TASK GOAL
Your task is to return all the entries below exactly, with every picture omitted.

(Records from a dataset)
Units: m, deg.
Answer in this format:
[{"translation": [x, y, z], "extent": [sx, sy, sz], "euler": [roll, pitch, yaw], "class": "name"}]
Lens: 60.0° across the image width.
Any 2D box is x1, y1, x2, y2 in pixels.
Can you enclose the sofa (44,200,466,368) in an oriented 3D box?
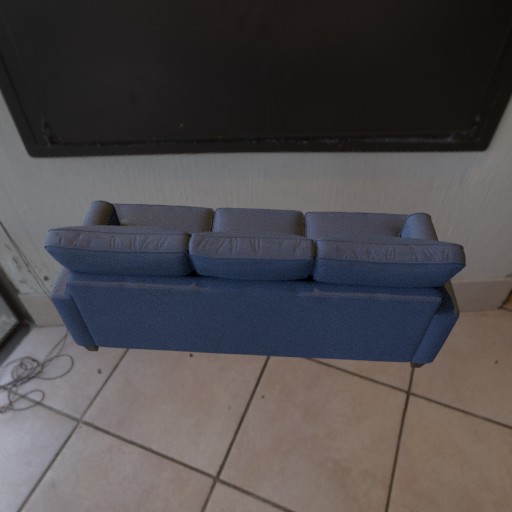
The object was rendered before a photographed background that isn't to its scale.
[{"translation": [0.000, 0.000, 2.672], "extent": [2.158, 0.965, 0.951], "euler": [2, 48, 2], "class": "sofa"}]
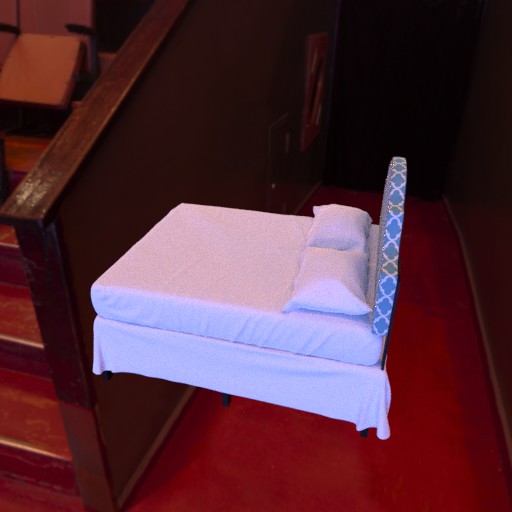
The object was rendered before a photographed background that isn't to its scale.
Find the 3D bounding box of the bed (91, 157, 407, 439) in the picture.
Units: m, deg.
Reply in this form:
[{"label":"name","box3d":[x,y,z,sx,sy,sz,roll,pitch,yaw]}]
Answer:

PROBLEM SOLUTION
Units: m, deg.
Answer in this format:
[{"translation": [x, y, z], "extent": [sx, sy, sz], "euler": [roll, pitch, yaw], "class": "name"}]
Lens: 60.0° across the image width.
Any 2D box is x1, y1, x2, y2 in pixels.
Can you enclose the sofa (44,200,466,368) in an oriented 3D box?
The object was rendered before a photographed background that isn't to its scale.
[{"translation": [0.000, 0.000, 2.672], "extent": [2.158, 0.965, 0.951], "euler": [2, 48, 2], "class": "sofa"}]
The object was rendered before a photographed background that isn't to its scale.
Find the 3D bounding box of the bed (91, 157, 407, 439) in the picture.
Units: m, deg.
Reply in this form:
[{"label":"name","box3d":[x,y,z,sx,sy,sz,roll,pitch,yaw]}]
Answer:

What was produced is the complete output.